■ Activity ■
Where an entry holds an image, leave the image out; otherwise reproduce the entry exactly.

■ Data supplied ■
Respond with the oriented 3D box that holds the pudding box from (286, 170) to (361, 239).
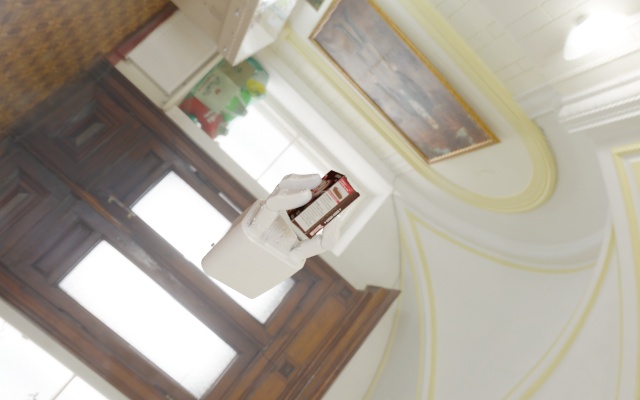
[{"bbox_3d":[0.000,0.002,0.645,0.090,0.039,0.113,-42,12,-1],"label":"pudding box"}]
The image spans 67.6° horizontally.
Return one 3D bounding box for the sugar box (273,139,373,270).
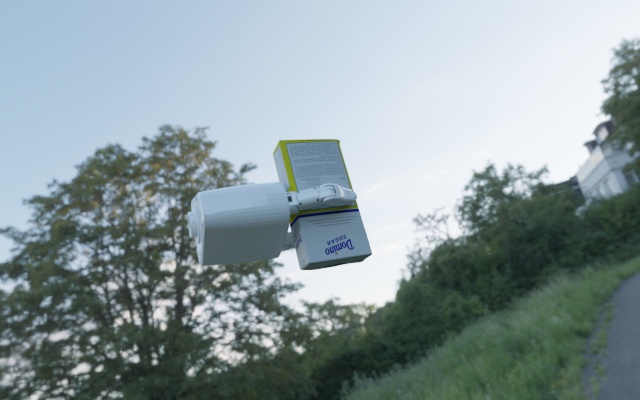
[{"bbox_3d":[0.000,0.002,0.646,0.093,0.176,0.048,-5,-20,-23],"label":"sugar box"}]
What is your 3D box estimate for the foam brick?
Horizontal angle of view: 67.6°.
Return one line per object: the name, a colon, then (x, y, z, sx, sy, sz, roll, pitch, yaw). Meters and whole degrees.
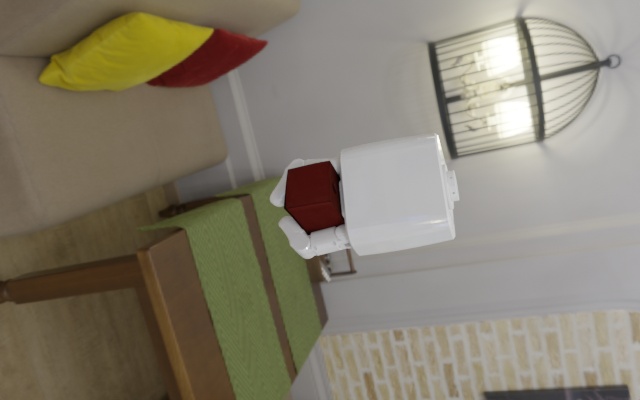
foam brick: (0.000, 0.002, 0.525, 0.051, 0.053, 0.078, -11, -33, 19)
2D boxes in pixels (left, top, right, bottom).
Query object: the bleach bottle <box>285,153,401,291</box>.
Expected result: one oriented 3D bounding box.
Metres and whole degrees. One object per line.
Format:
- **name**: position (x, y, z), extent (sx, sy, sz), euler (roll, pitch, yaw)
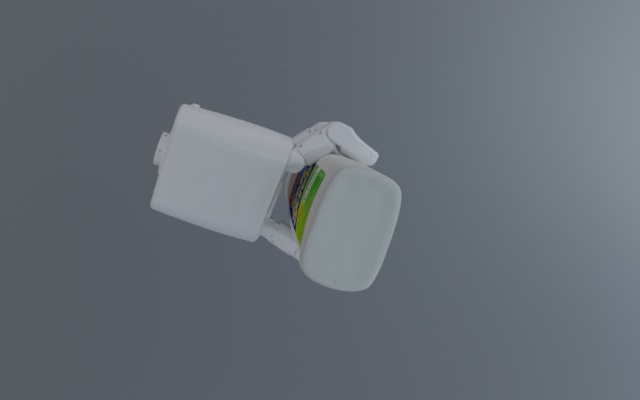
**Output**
- **bleach bottle**: position (0.000, 0.002, 0.488), extent (0.068, 0.102, 0.251), euler (18, 5, -15)
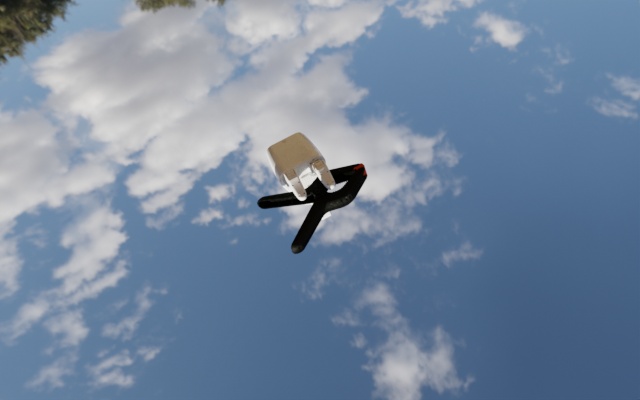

■ Answer to this exercise ■
Respond with the oriented 3D box that holds the pudding box from (286, 170) to (361, 239).
[{"bbox_3d":[0.000,0.002,0.645,0.090,0.039,0.113,-42,12,-1],"label":"pudding box"}]
The image spans 67.6° horizontally.
Return one 3D bounding box for the sugar box (273,139,373,270).
[{"bbox_3d":[0.000,0.002,0.646,0.093,0.176,0.048,-5,-20,-23],"label":"sugar box"}]
What is your 3D box estimate for the foam brick?
Horizontal angle of view: 67.6°.
Return one line per object: the name, a colon, then (x, y, z, sx, sy, sz, roll, pitch, yaw). Meters and whole degrees.
foam brick: (0.000, 0.002, 0.525, 0.051, 0.053, 0.078, -11, -33, 19)
2D boxes in pixels (left, top, right, bottom).
Query object: the bleach bottle <box>285,153,401,291</box>.
Expected result: one oriented 3D bounding box.
Metres and whole degrees. One object per line.
Format:
- **name**: position (x, y, z), extent (sx, sy, sz), euler (roll, pitch, yaw)
**Output**
- **bleach bottle**: position (0.000, 0.002, 0.488), extent (0.068, 0.102, 0.251), euler (18, 5, -15)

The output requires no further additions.